Ever more data for ever more information. Or the new frontier that leads to the black hole. Why? Because too much data may mean too much insights.

That is the drawback of big data. Too much data. Too many interesting things. Too many insights. The black hole of information, fully absorbing our capacity to catch new trends and key insights.

The bigger the data, the more complicated it is to extract the key information that will trigger new ideas, new business, new revenues. As mentioned in this blog post from Mediapost (http://www.mediapost.com/publications/article/191088/are-insights-cheap-commodities.html#axzz2IR4TeXCz), the key issue is not any more to find an insight, it is to find THE insight. We are not to break the next frontier any more, we are to find out in which direction we ought to search where to go.

We have to do this. Quickly. Before the black hole of big data swallows what remains of the dimming light of key insights…

So, to close this blog post, and to start the discussion, a very interesting point of view by Jannis Kallinikos from the LSE: http://www.paristechreview.com/2012/11/16/allure-big-data/

Brave New World…

Hello Brave New World!

It will not be my goal to comment Aldous Huxley’s book in this blog, even though I’d love it, but rather to comment on what has been my core business for the past 20 years: data elicitation.

With the constant growth of the online usage, the world has been processing ever more data than ever; such names as “big data”, “cloud computing”, “social media”, “web analytics” are known to nearly every man-in-the-street.
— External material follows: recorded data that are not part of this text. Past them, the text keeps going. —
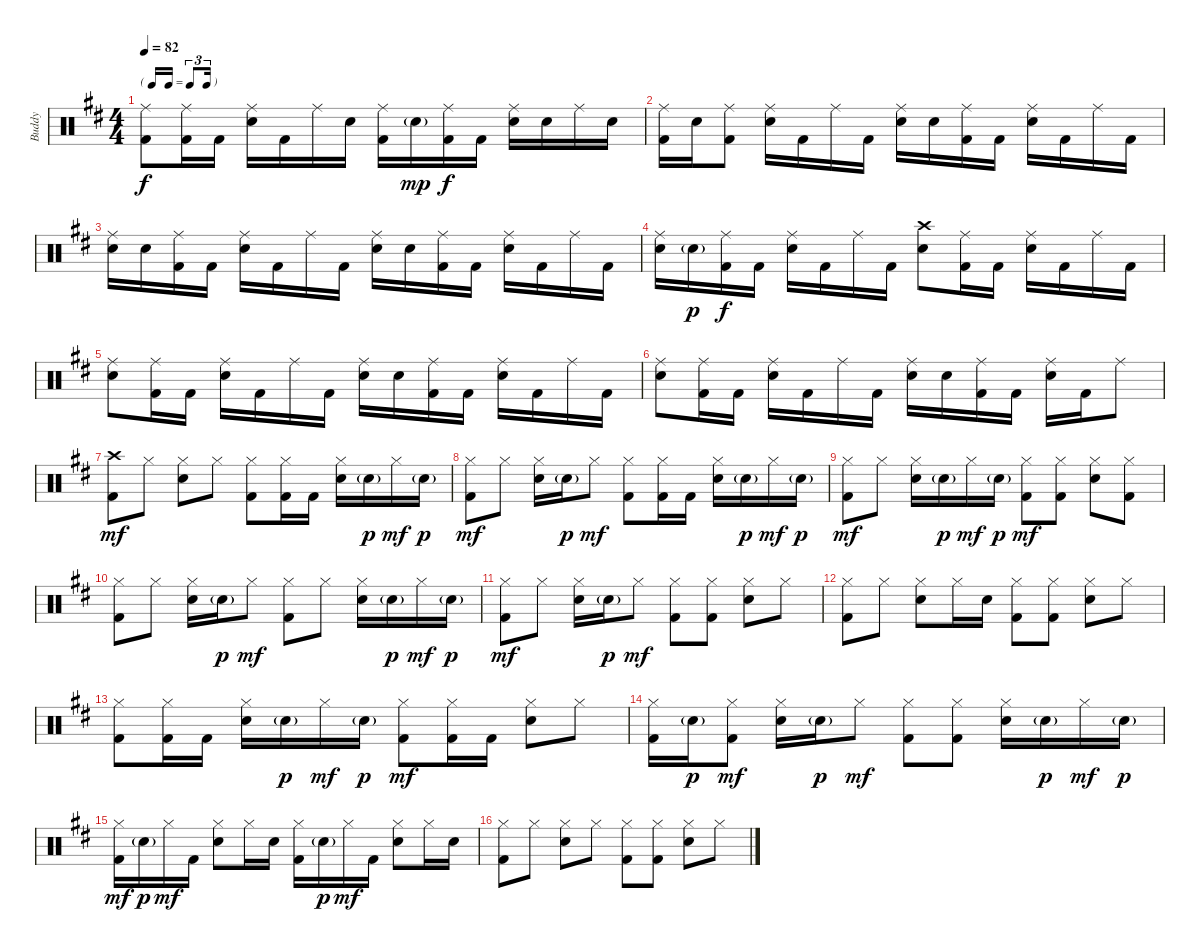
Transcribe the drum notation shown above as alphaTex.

\track ("Buddy" "Buddy") {instrument percussion}
\staff {score}
\articulation defaults
\ts (4 4)
\tf triplet16th
\tempo 82
\clef neutral
\ks d
("Ride (middle)" "Kick (hit) 2").8{dy f} ("Ride (middle)" "Kick (hit) 2").16 "Kick (hit) 2".16 ("Ride (middle)" "Snare (hit) 2").16 "Kick (hit) 2".16 "Ride (middle)".16 "Snare (hit) 2".16 ("Ride (middle)" "Kick (hit) 2").16 "Snare (hit) 2"{g}.16{dy mp} ("Ride (middle)" "Kick (hit) 2").16{dy f} "Kick (hit) 2".16 ("Ride (middle)" "Snare (hit) 2").16 "Snare (hit) 2".16 "Ride (middle)".16 "Snare (hit) 2".16 |
("Ride (middle)" "Kick (hit) 2").16 "Snare (hit) 2".16 ("Ride (middle)" "Kick (hit) 2").8 ("Ride (middle)" "Snare (hit) 2").16 "Kick (hit) 2".16 "Ride (middle)".16 "Kick (hit) 2".16 ("Ride (middle)" "Snare (hit) 2").16 "Snare (hit) 2".16 ("Ride (middle)" "Kick (hit) 2").16 "Kick (hit) 2".16 ("Ride (middle)" "Snare (hit) 2").16 "Kick (hit) 2".16 "Ride (middle)".16 "Kick (hit) 2".16 |
("Ride (middle)" "Snare (hit) 2").16 "Snare (hit) 2".16 ("Ride (middle)" "Kick (hit) 2").16 "Kick (hit) 2".16 ("Ride (middle)" "Snare (hit) 2").16 "Kick (hit) 2".16 "Ride (middle)".16 "Kick (hit) 2".16 ("Ride (middle)" "Snare (hit) 2").16 "Snare (hit) 2".16 ("Ride (middle)" "Kick (hit) 2").16 "Kick (hit) 2".16 ("Ride (middle)" "Snare (hit) 2").16 "Kick (hit) 2".16 "Ride (middle)".16 "Kick (hit) 2".16 |
("Ride (middle)" "Snare (hit) 2").16 "Snare (hit) 2"{g}.16{dy p} ("Ride (middle)" "Kick (hit) 2").16{dy f} "Kick (hit) 2".16 ("Ride (middle)" "Snare (hit) 2").16 "Kick (hit) 2".16 "Ride (middle)".16 "Kick (hit) 2".16 ("Crash high (hit)" "Snare (hit) 2").8 ("Ride (middle)" "Kick (hit) 2").16 "Kick (hit) 2".16 ("Ride (middle)" "Snare (hit) 2").16 "Kick (hit) 2".16 "Ride (middle)".16 "Kick (hit) 2".16 |
("Ride (middle)" "Snare (hit) 2").8 ("Ride (middle)" "Kick (hit) 2").16 "Kick (hit) 2".16 ("Ride (middle)" "Snare (hit) 2").16 "Kick (hit) 2".16 "Ride (middle)".16 "Kick (hit) 2".16 ("Ride (middle)" "Snare (hit) 2").16 "Snare (hit) 2".16 ("Ride (middle)" "Kick (hit) 2").16 "Kick (hit) 2".16 ("Ride (middle)" "Snare (hit) 2").16 "Kick (hit) 2".16 "Ride (middle)".16 "Kick (hit) 2".16 |
("Ride (middle)" "Snare (hit) 2").8 ("Ride (middle)" "Kick (hit) 2").16 "Kick (hit) 2".16 ("Ride (middle)" "Snare (hit) 2").16 "Kick (hit) 2".16 "Ride (middle)".16 "Kick (hit) 2".16 ("Ride (middle)" "Snare (hit) 2").16 "Snare (hit) 2".16 ("Ride (middle)" "Kick (hit) 2").16 "Kick (hit) 2".16 ("Ride (middle)" "Snare (hit) 2").16 "Kick (hit) 2".16 "Ride (middle)".8 |
("Crash high (hit)" "Kick (hit) 2").8{dy mf} "Hi-Hat (closed)".8 ("Hi-Hat (closed)" "Snare (hit) 2").8 "Hi-Hat (closed)".8 ("Hi-Hat (closed)" "Kick (hit) 2").8 ("Hi-Hat (closed)" "Kick (hit) 2").16 "Kick (hit) 2".16 ("Hi-Hat (closed)" "Snare (hit) 2").16 "Snare (hit) 2"{g}.16{dy p} "Hi-Hat (closed)".16{dy mf} "Snare (hit) 2"{g}.16{dy p} |
("Hi-Hat (closed)" "Kick (hit) 2").8{dy mf} "Hi-Hat (closed)".8 ("Hi-Hat (closed)" "Snare (hit) 2").16 "Snare (hit) 2"{g}.16{dy p} "Hi-Hat (closed)".8{dy mf} ("Hi-Hat (closed)" "Kick (hit) 2").8 ("Hi-Hat (closed)" "Kick (hit) 2").16 "Kick (hit) 2".16 ("Hi-Hat (closed)" "Snare (hit) 2").16 "Snare (hit) 2"{g}.16{dy p} "Hi-Hat (closed)".16{dy mf} "Snare (hit) 2"{g}.16{dy p} |
("Hi-Hat (closed)" "Kick (hit) 2").8{dy mf} "Hi-Hat (closed)".8 ("Hi-Hat (closed)" "Snare (hit) 2").16 "Snare (hit) 2"{g}.16{dy p} "Hi-Hat (closed)".16{dy mf} "Snare (hit) 2"{g}.16{dy p} ("Hi-Hat (closed)" "Kick (hit) 2").8{dy mf} ("Hi-Hat (closed)" "Kick (hit) 2").8 ("Hi-Hat (closed)" "Snare (hit) 2").8 ("Hi-Hat (closed)" "Kick (hit) 2").8 |
("Hi-Hat (closed)" "Kick (hit) 2").8 "Hi-Hat (closed)".8 ("Hi-Hat (closed)" "Snare (hit) 2").16 "Snare (hit) 2"{g}.16{dy p} "Hi-Hat (closed)".8{dy mf} ("Hi-Hat (closed)" "Kick (hit) 2").8 "Hi-Hat (closed)".8 ("Hi-Hat (closed)" "Snare (hit) 2").16 "Snare (hit) 2"{g}.16{dy p} "Hi-Hat (closed)".16{dy mf} "Snare (hit) 2"{g}.16{dy p} |
("Hi-Hat (closed)" "Kick (hit) 2").8{dy mf} "Hi-Hat (closed)".8 ("Hi-Hat (closed)" "Snare (hit) 2").16 "Snare (hit) 2"{g}.16{dy p} "Hi-Hat (closed)".8{dy mf} ("Hi-Hat (closed)" "Kick (hit) 2").8 ("Hi-Hat (closed)" "Kick (hit) 2").8 ("Hi-Hat (closed)" "Snare (hit) 2").8 "Hi-Hat (closed)".8 |
("Hi-Hat (closed)" "Kick (hit) 2").8 "Hi-Hat (closed)".8 ("Hi-Hat (closed)" "Snare (hit) 2").8 "Hi-Hat (closed)".16 "Snare (hit) 2".16 ("Hi-Hat (closed)" "Kick (hit) 2").8 ("Hi-Hat (closed)" "Kick (hit) 2").8 ("Hi-Hat (closed)" "Snare (hit) 2").8 "Hi-Hat (closed)".8 |
("Hi-Hat (closed)" "Kick (hit) 2").8 ("Hi-Hat (closed)" "Kick (hit) 2").16 "Kick (hit) 2".16 ("Hi-Hat (closed)" "Snare (hit) 2").16 "Snare (hit) 2"{g}.16{dy p} "Hi-Hat (closed)".16{dy mf} "Snare (hit) 2"{g}.16{dy p} ("Hi-Hat (closed)" "Kick (hit) 2").8{dy mf} ("Hi-Hat (closed)" "Kick (hit) 2").16 "Kick (hit) 2".16 ("Hi-Hat (closed)" "Snare (hit) 2").8 "Hi-Hat (closed)".8 |
("Hi-Hat (closed)" "Kick (hit) 2").16 "Snare (hit) 2"{g}.16{dy p} ("Hi-Hat (closed)" "Kick (hit) 2").8{dy mf} ("Hi-Hat (closed)" "Snare (hit) 2").16 "Snare (hit) 2"{g}.16{dy p} "Hi-Hat (closed)".8{dy mf} ("Hi-Hat (closed)" "Kick (hit) 2").8 ("Hi-Hat (closed)" "Kick (hit) 2").8 ("Hi-Hat (closed)" "Snare (hit) 2").16 "Snare (hit) 2"{g}.16{dy p} "Hi-Hat (closed)".16{dy mf} "Snare (hit) 2"{g}.16{dy p} |
("Hi-Hat (closed)" "Kick (hit) 2").16{dy mf} "Snare (hit) 2"{g}.16{dy p} "Hi-Hat (closed)".16{dy mf} "Kick (hit) 2".16 ("Hi-Hat (closed)" "Snare (hit) 2").8 "Hi-Hat (closed)".16 "Snare (hit) 2".16 ("Hi-Hat (closed)" "Kick (hit) 2").16 "Snare (hit) 2"{g}.16{dy p} "Hi-Hat (closed)".16{dy mf} "Kick (hit) 2".16 ("Hi-Hat (closed)" "Snare (hit) 2").8 "Hi-Hat (closed)".16 "Snare (hit) 2".16 |
("Hi-Hat (closed)" "Kick (hit) 2").8 "Hi-Hat (closed)".8 ("Hi-Hat (closed)" "Snare (hit) 2").8 "Hi-Hat (closed)".8 ("Hi-Hat (closed)" "Kick (hit) 2").8 ("Hi-Hat (closed)" "Kick (hit) 2").8 ("Hi-Hat (closed)" "Snare (hit) 2").8 "Hi-Hat (closed)".8

A new world that did not exist a few years ago, and that was known only to happy few up until a few months ago.

A new world; Fine. Why brave? Actually, these words sound like a Terra Incognita, as nobody really has an answer on how to handle them: fear of the gigantic amounts of data points, questions on where to start with these data, lack of operational tools and schemes, the void is near…

So we have to be brave; or this new world will be brave in Aldous Huxley’s way, creating a data hell that only robots and maybe a few dominating companies will be able to handle.

Of course, I do not pretend I have THE answer, or I would not be writing this blog, as I would rather be counting my billions on a Caribbean beach 🙂

But I have experienced several data revolutions through my Market Research experience, from the introduction of Bar Codes for FMCG sales tracking, to Point-of-Sales single data collection and now to my current task on understanding how to cope with the vastness of the internet data…

This blog aims at sharing this experience, and I hope I can bring some tips to whoever is facing the challenge to use such masses of data. I have named this specific task “Data Elicitation”.

So let us elicit the data of this Brave New World!